Work task
After locating the line containing "Answer as plain" in the entries below, please write out that line and the rest through the end exactly. Omit pictures.

Data provided
━━━━━━

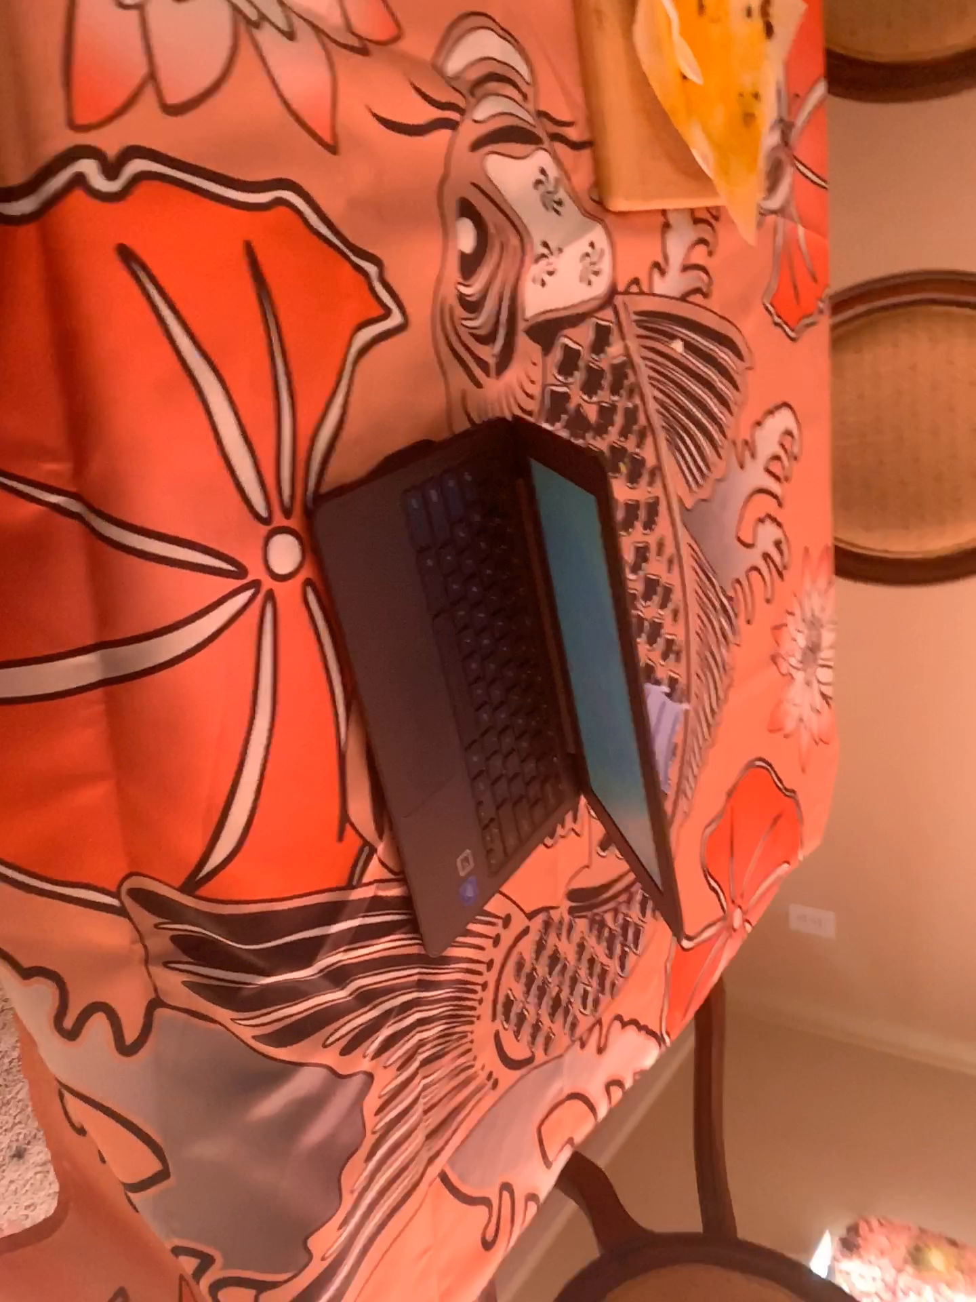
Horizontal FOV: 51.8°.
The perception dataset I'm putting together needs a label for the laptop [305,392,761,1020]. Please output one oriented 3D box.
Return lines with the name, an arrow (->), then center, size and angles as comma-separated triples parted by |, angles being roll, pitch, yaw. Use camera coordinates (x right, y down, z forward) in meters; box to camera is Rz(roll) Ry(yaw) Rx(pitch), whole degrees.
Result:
laptop -> 0.049, 0.021, 0.615 | 0.212, 0.144, 0.299 | -39, 124, -48
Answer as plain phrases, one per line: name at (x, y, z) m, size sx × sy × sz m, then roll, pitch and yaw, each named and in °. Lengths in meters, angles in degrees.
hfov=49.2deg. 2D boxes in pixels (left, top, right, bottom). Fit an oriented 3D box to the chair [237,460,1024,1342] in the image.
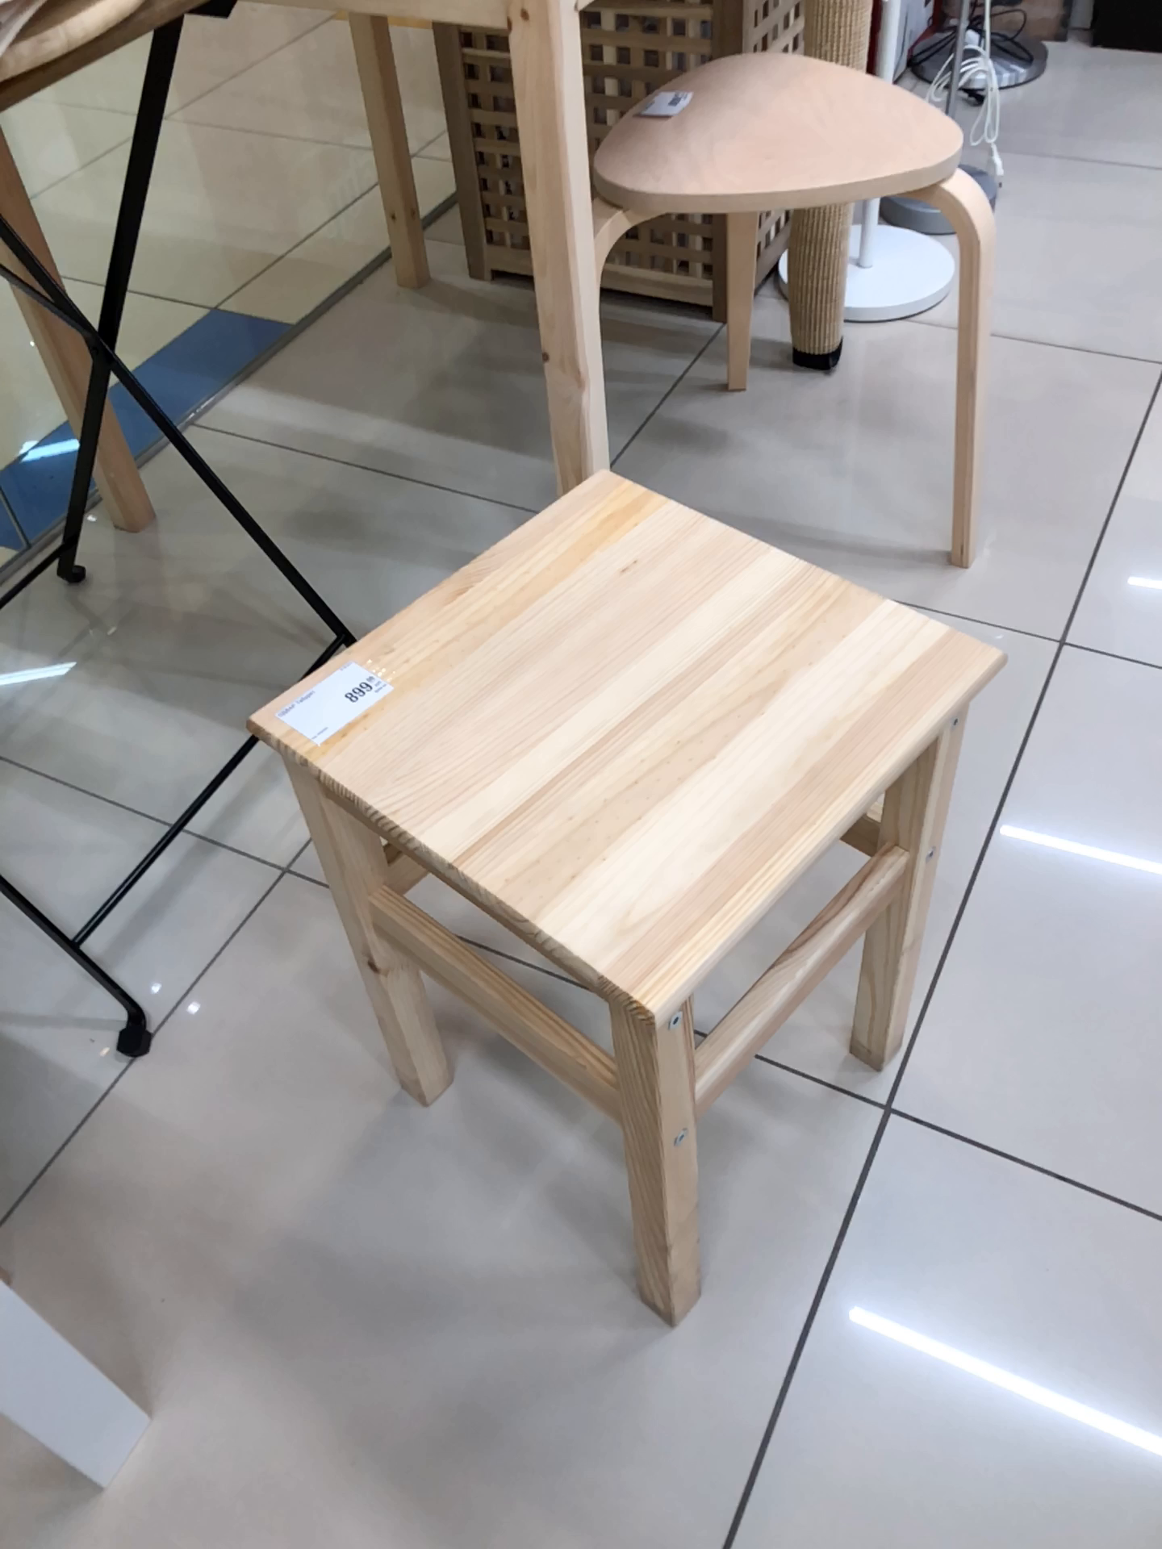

━━━━━━

Expected output
Answer as plain phrases, one per line: name at (x, y, z) m, size sx × sy × sz m, then roll, pitch and yaw, each named and in °. Lengths in meters, angles in degrees.
hfov=49.2deg. 2D boxes in pixels (left, top, right, bottom). Fit an oriented 3D box to the chair [237,460,1024,1342] in the image.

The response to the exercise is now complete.